Top of DATASET

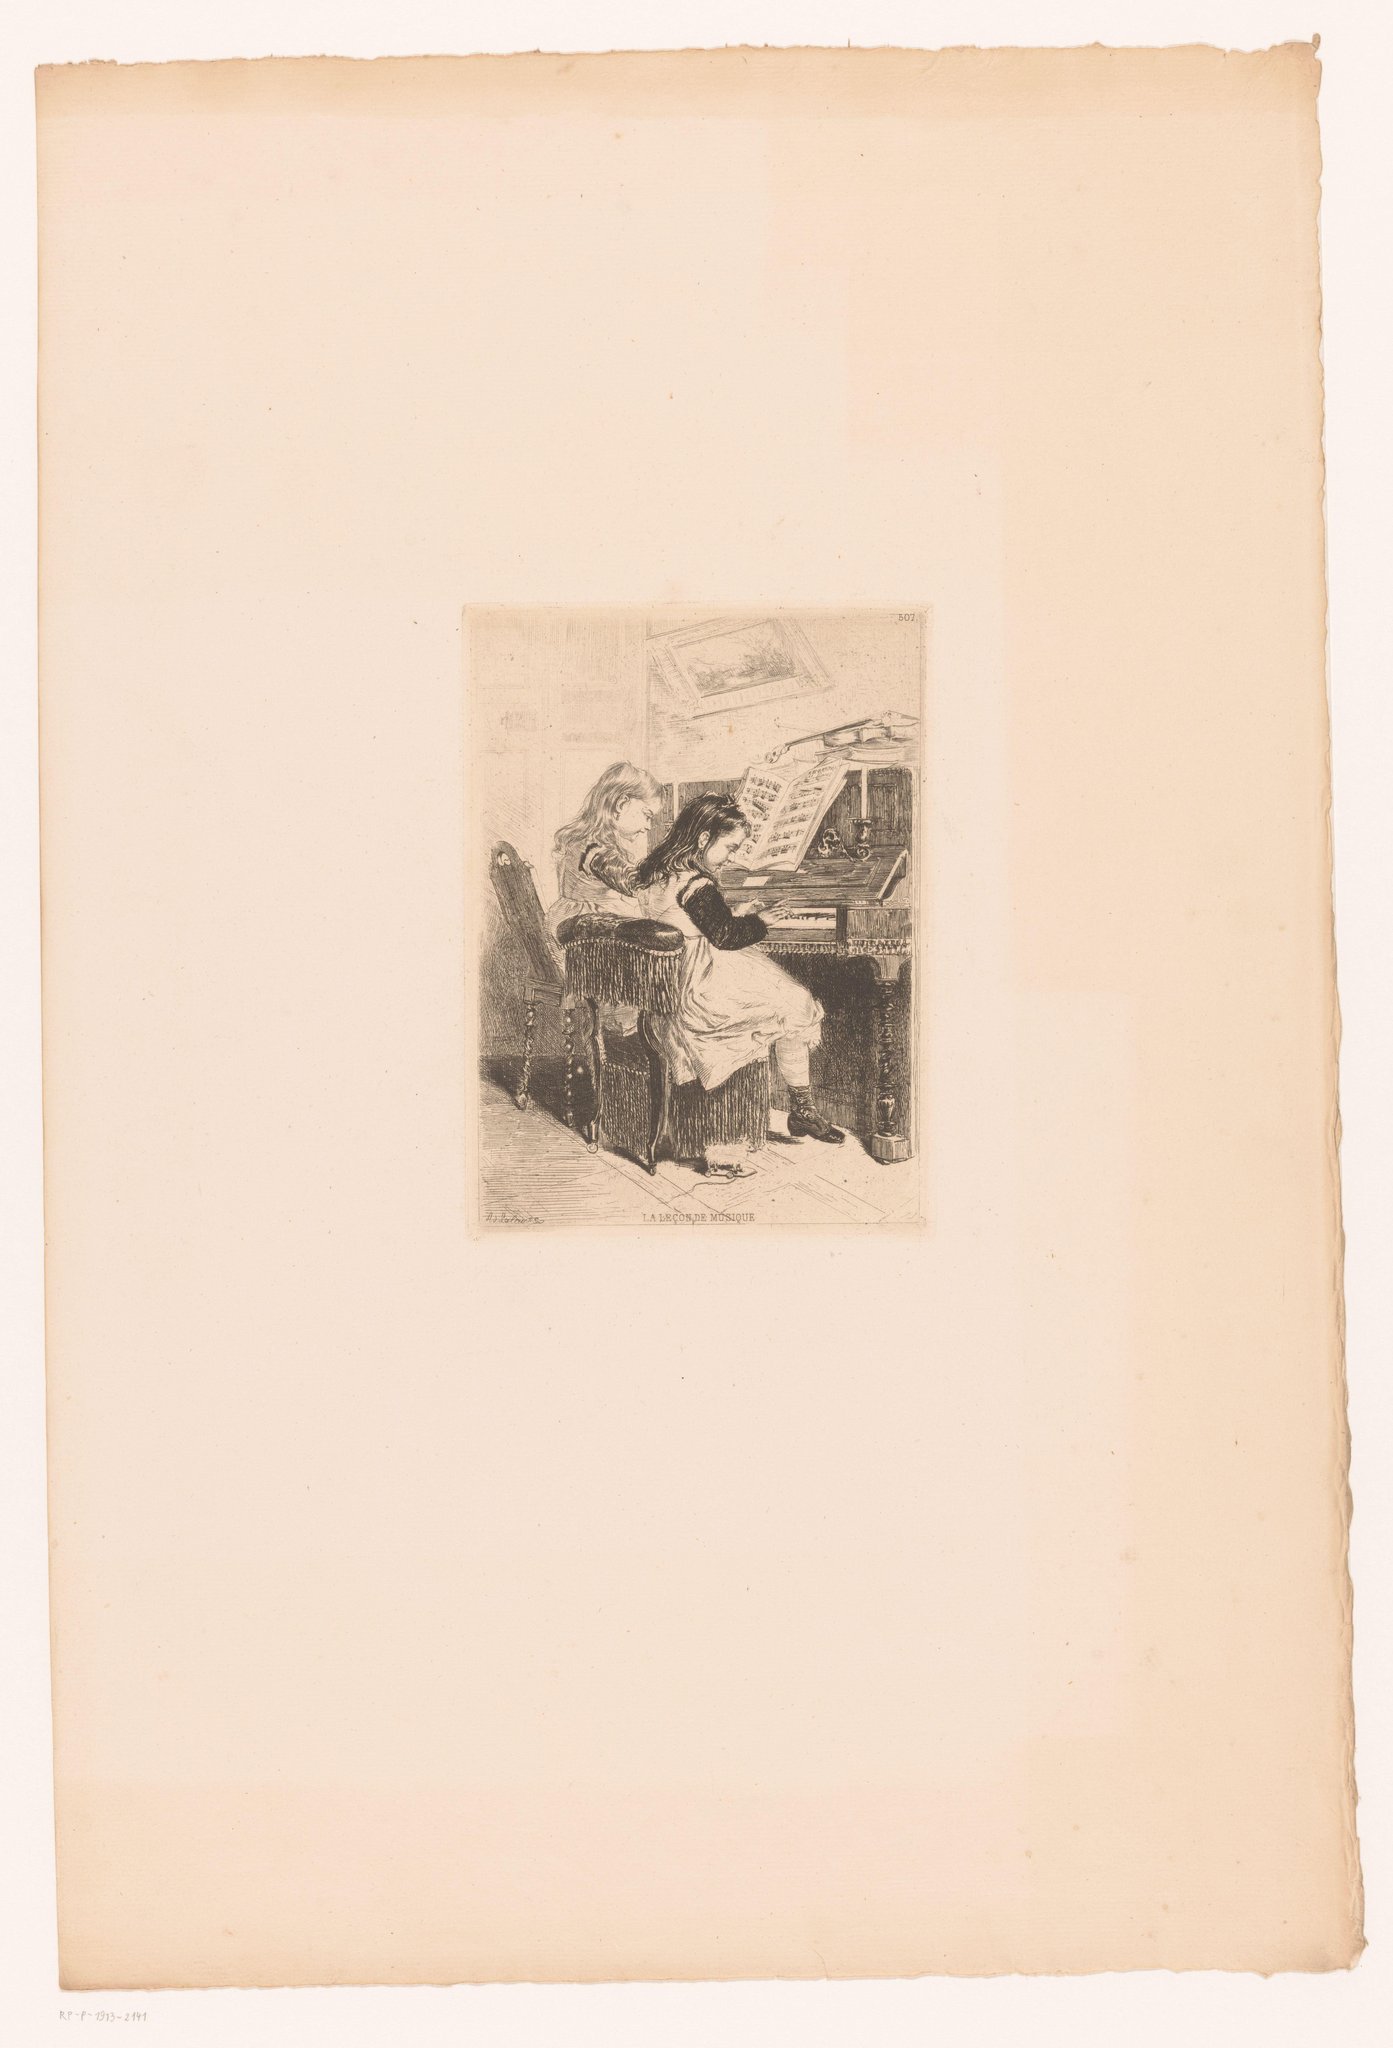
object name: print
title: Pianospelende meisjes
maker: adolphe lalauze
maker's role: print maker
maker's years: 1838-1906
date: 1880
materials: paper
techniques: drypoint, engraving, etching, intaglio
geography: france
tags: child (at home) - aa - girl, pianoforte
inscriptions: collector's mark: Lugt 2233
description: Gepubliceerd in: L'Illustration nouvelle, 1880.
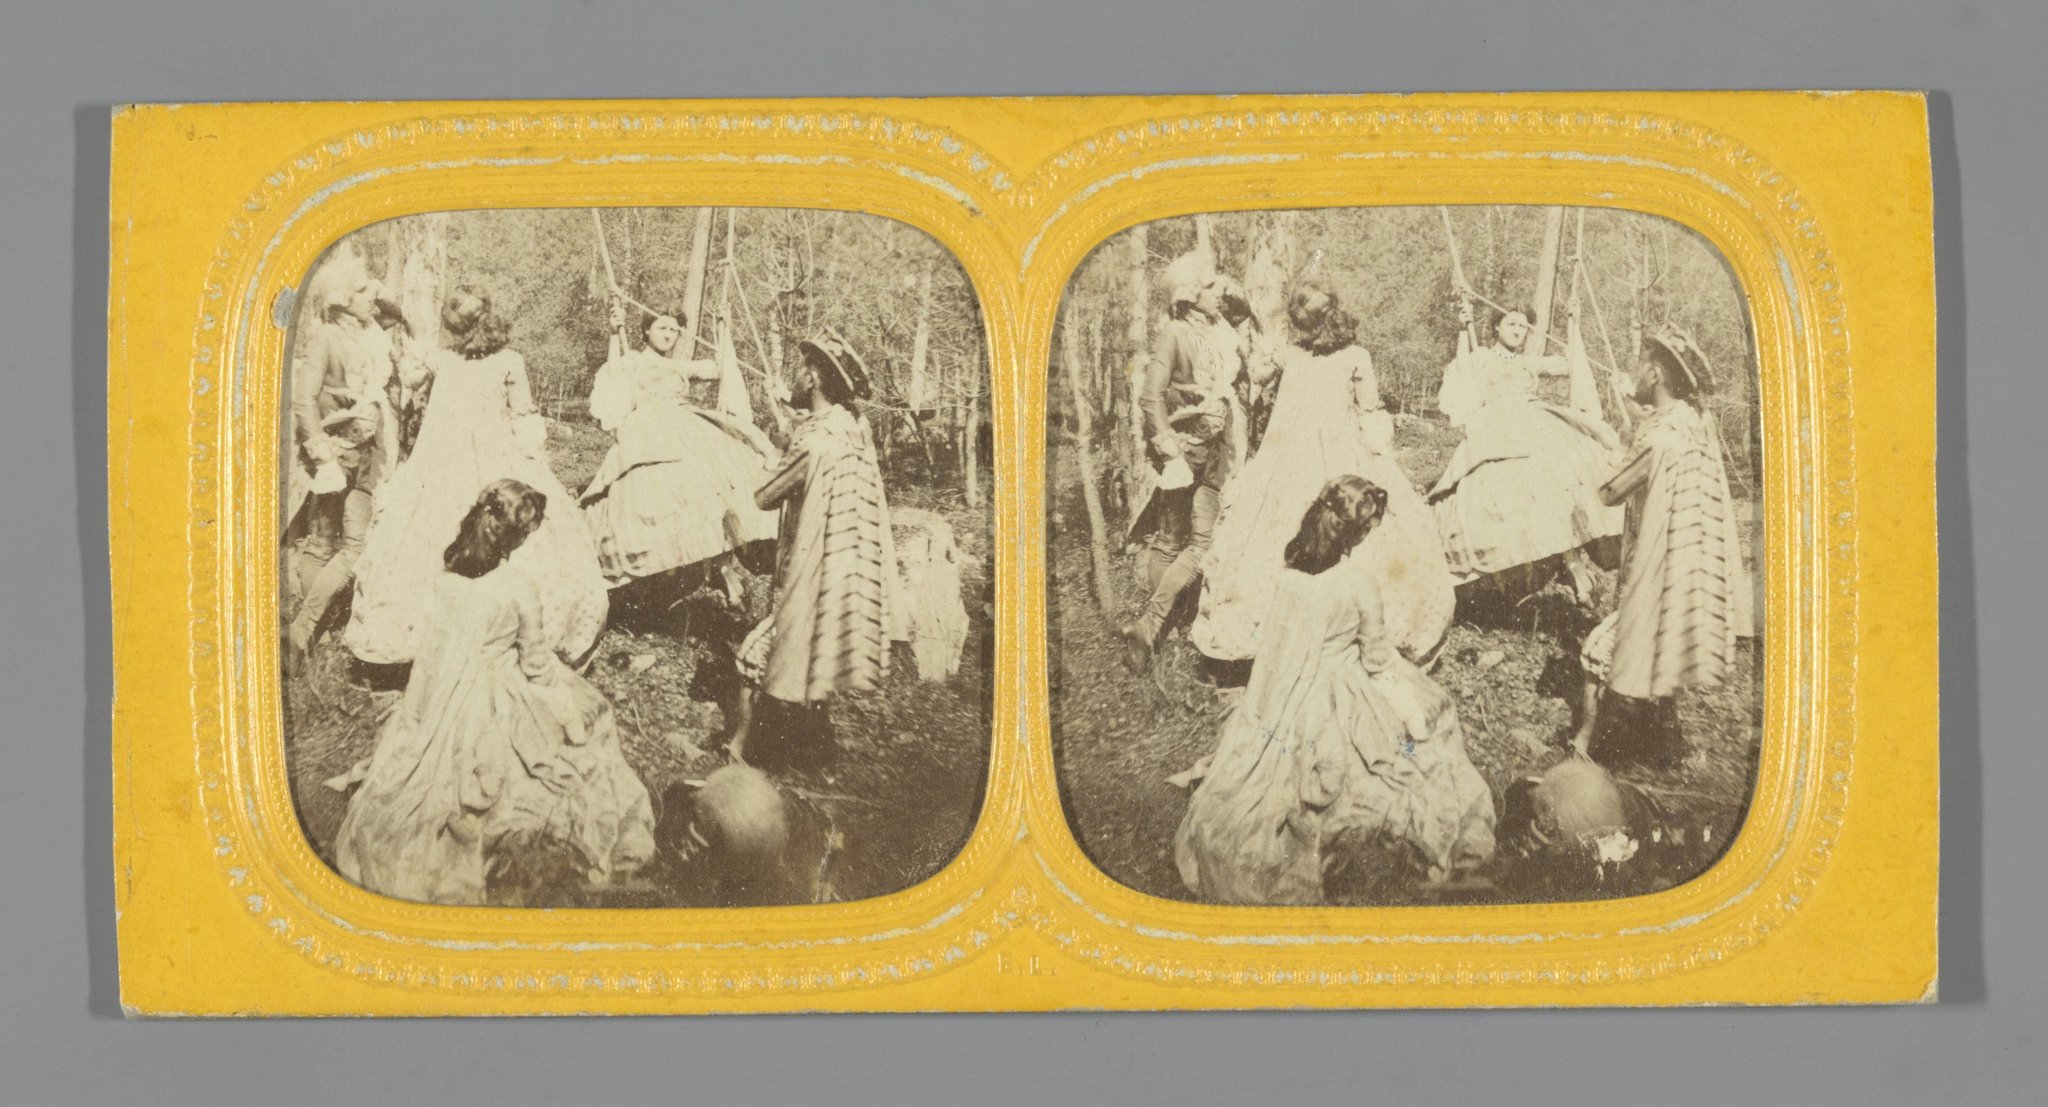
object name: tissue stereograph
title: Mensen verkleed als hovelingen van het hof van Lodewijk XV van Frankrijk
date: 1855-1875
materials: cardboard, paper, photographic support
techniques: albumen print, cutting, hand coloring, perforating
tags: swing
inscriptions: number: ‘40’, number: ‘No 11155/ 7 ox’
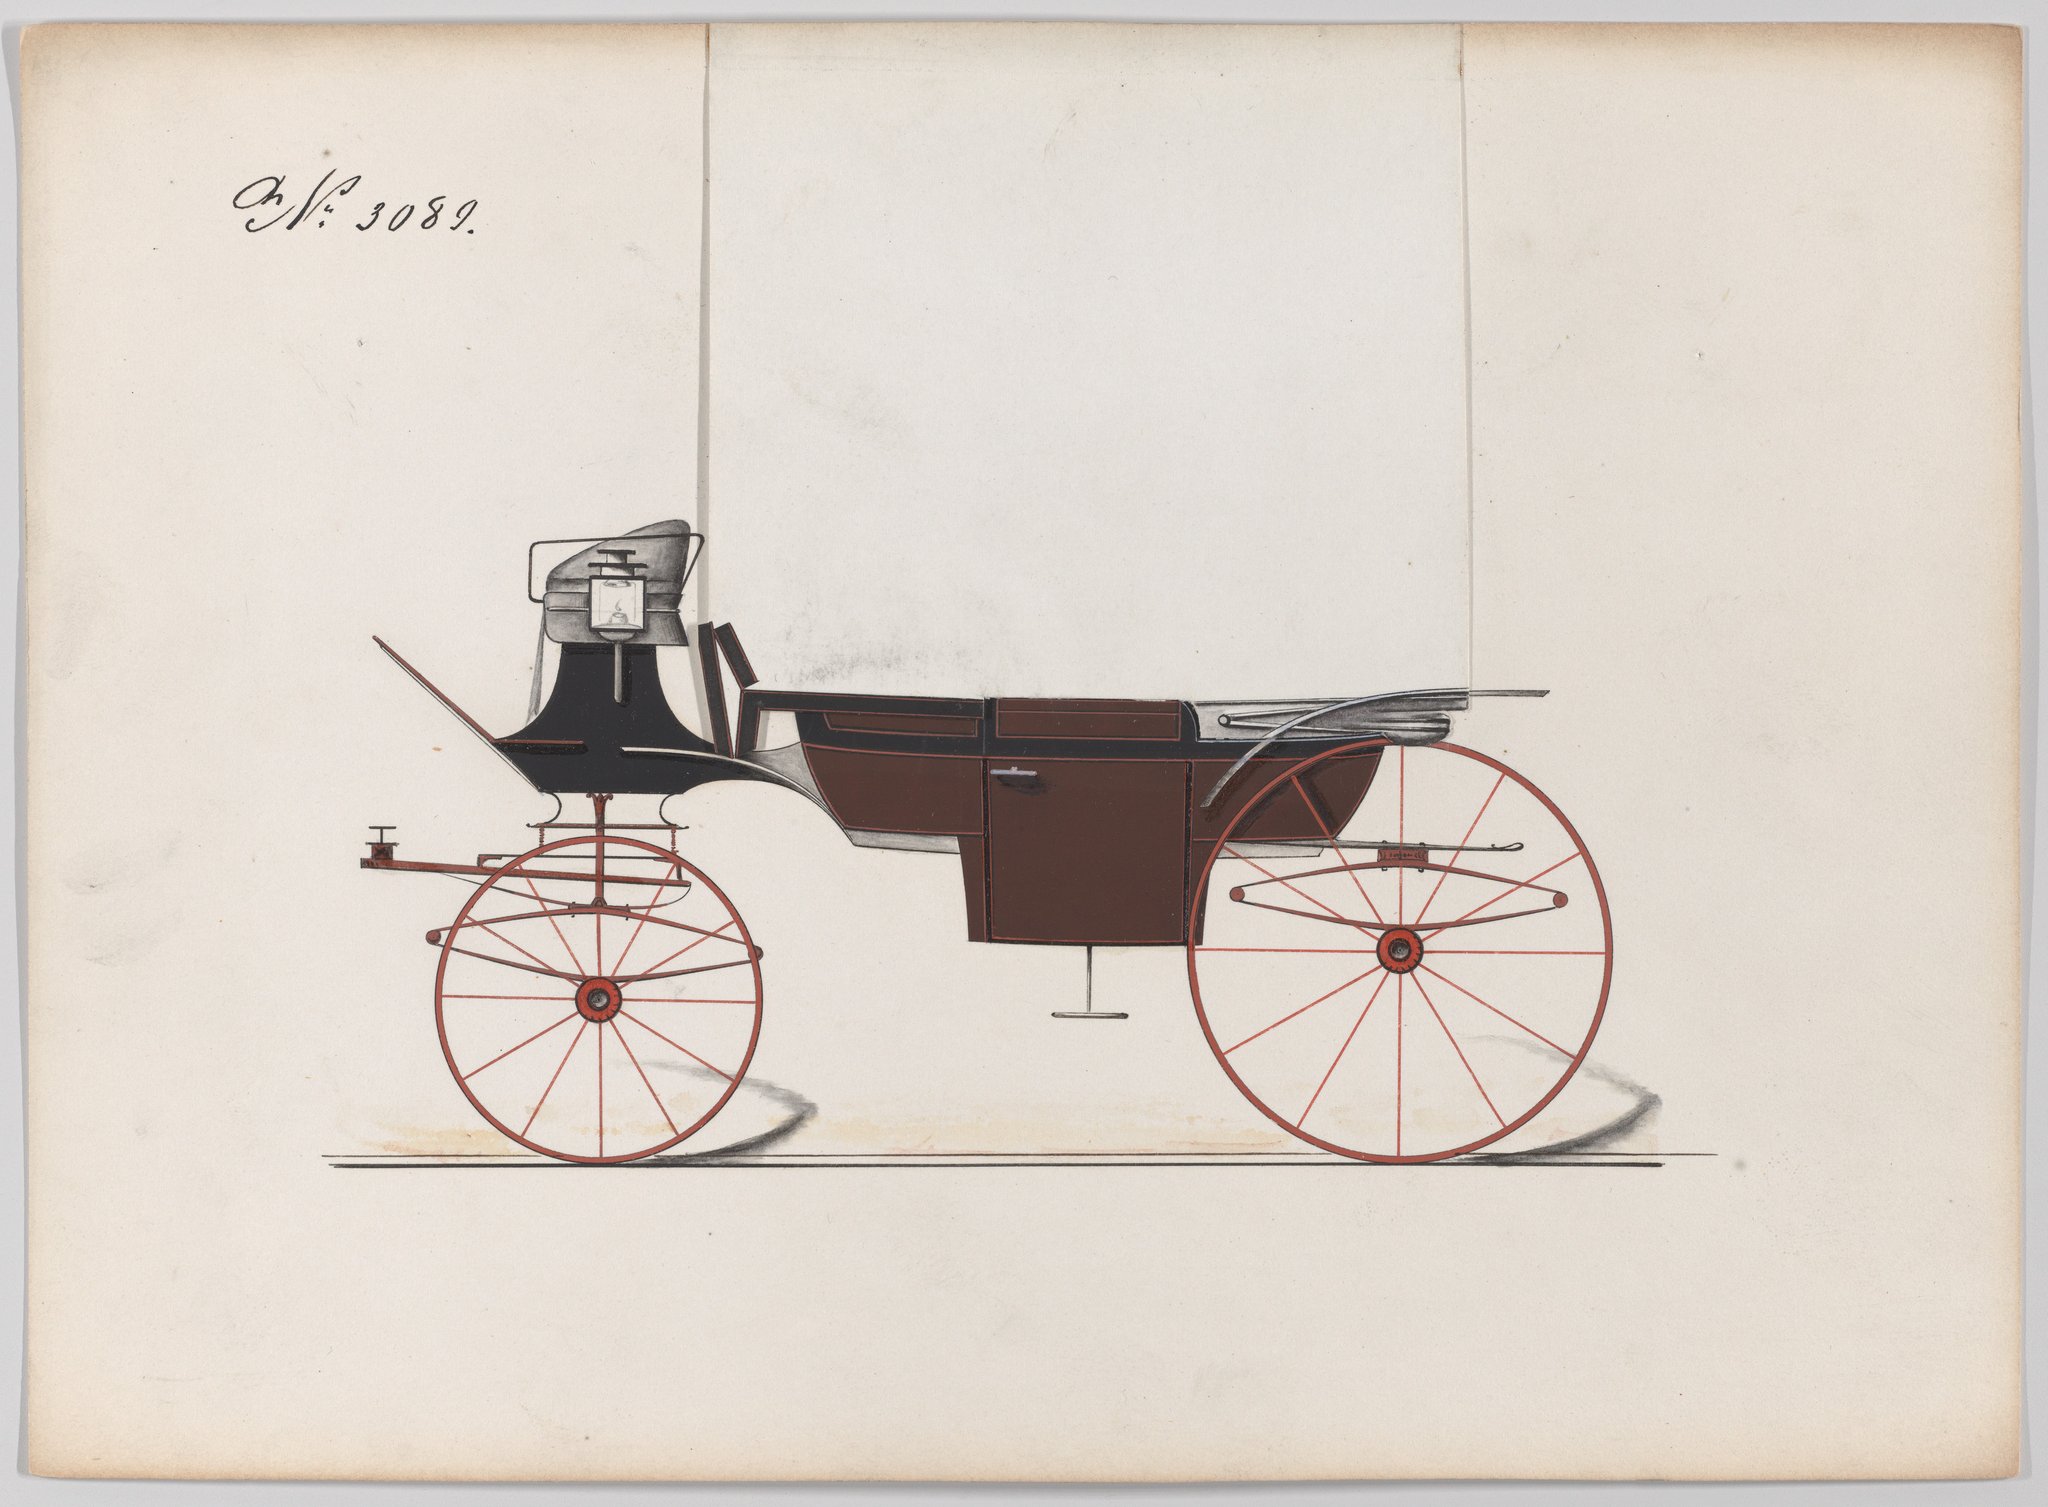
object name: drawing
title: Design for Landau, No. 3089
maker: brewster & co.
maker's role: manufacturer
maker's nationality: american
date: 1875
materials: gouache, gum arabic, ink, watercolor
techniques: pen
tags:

Bottom of DATASET

**PROBLEM**
State how many lines in the records above contain the word "print". Give nothing but the number.

**RESULT**
3